Source information:
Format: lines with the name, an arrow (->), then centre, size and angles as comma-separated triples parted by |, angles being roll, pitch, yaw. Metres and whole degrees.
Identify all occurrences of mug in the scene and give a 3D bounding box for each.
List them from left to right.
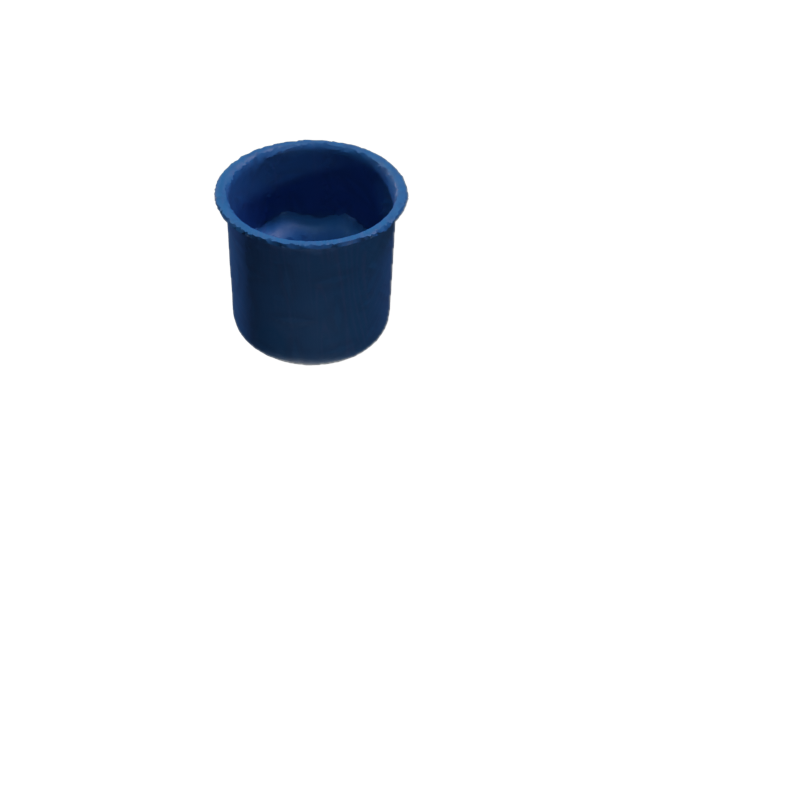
mug -> -0.044, -0.081, 0.565 | 0.093, 0.076, 0.125 | 2, 41, 1
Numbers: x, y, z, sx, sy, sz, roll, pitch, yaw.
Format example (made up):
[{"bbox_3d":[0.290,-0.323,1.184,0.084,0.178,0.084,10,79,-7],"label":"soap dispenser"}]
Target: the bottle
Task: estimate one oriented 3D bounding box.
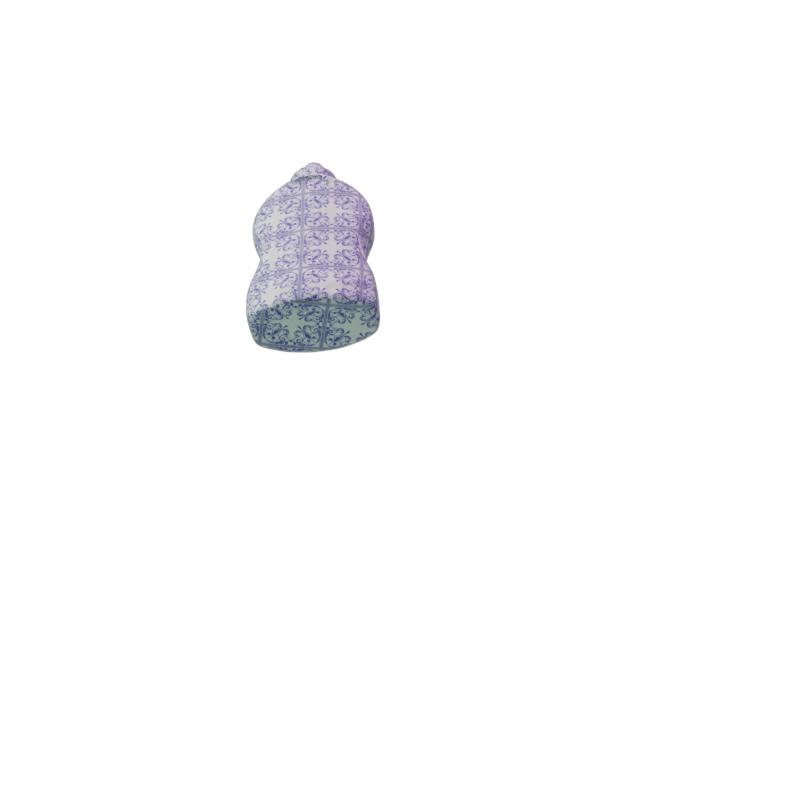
[{"bbox_3d":[-0.068,-0.123,0.867,0.096,0.206,0.054,-9,-45,5],"label":"bottle"}]

Task requirements:
Reproduce every line above containing "roll".

Task result:
Format: lines with the name, an arrow (->), then centre, size and angles as comma-separated triples parted by |, angles being roll, pitch, yaw. Metres and whole degrees.
Numbers: x, y, z, sx, sy, sz, roll, pitch, yaw.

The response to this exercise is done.